In a previous study,15 a three round Delphi method involving six academic rheumatologists experienced in OA trials was used to define the MCID for some outcome measures used in OA trials (not specifically focusing on hip or knee OA). The MCID for patient pain on movement (measured on a 0–100 VAS) was 17.5 mm and that for patient global assessment of disease activity (measured on a 0–100 VAS) was 15 mm. Although this method differs from that used in our study, the values are very close to our estimates of MCII for these patient reported outcomes. The only study dealing with meaningful change for the WOMAC dealt with the minimal clinically perceptible difference not the MCID.16
Our study has demonstrated that the MCII varies depending on the baseline state. Patients who have the most severe symptoms have to experience a greater change to consider themselves improved. Riddle and colleagues also found this effect in their investigation of low back pain,17 where the MCID varied between 3 and 13 depending on the baseline range of scores (on the Roland-Morris Back Pain Questionnaire,18 total score varying from 0 to 24 points, with baseline scores divided into five approximately equal sized intervals). However, the precision of their estimates may have been compromised by the small sample size, especially for patients with high levels of disability.
The variation of MCII across tertiles of baseline scores in our study cannot been imputed to the size of the sample, as confirmed by the narrowness of the 95% confidence intervals. We believe that this variation depending on the baseline score may preclude the use of the crude MCII. The patient’s initial or previous score should be taken into account when making decisions about important change. We propose to use three estimates of MCII, corresponding to the tertiles of each baseline score, to express the changes in terms of important improvement. This meets the recommendation of Crosby and associates13 for estimating MCID in health related quality of life criteria: to anchor baseline severity of individual patients.
We believe this is the first study to investigate the effect of several covariates such as age, sex, OA location, and disease duration on patient responses. It is interesting to observe that these factors do not consistently modify the estimates of MCII.

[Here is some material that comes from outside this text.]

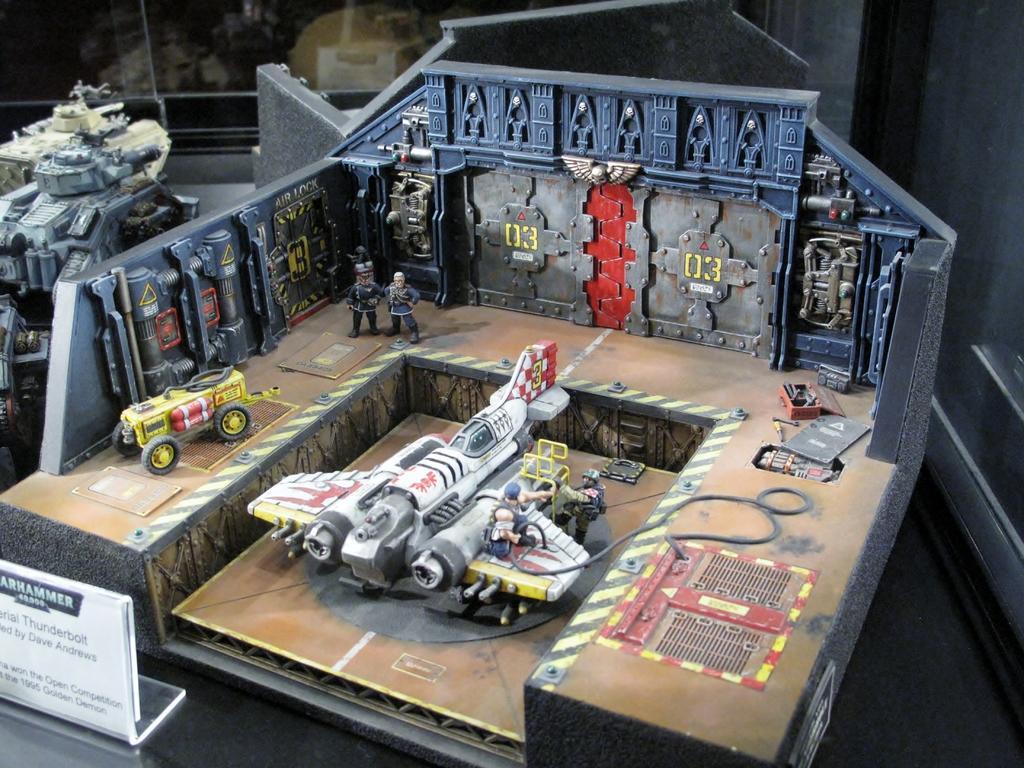In one or two sentences, can you explain what this image depicts? In this picture we can see toys and this is board.

In conclusion, use of the concept MCII facilitates the presentation and interpretation of results obtained in clinical trials and the transposition of trial results into practice. However, the baseline score should be taken into account. Further studies involving different datasets, clinical environments, languages, and countries are necessary to validate these observations prospectively.
This study was supported by an unrestricted grant from Merck, Sharp, & Dohme Chibret Laboratories, France.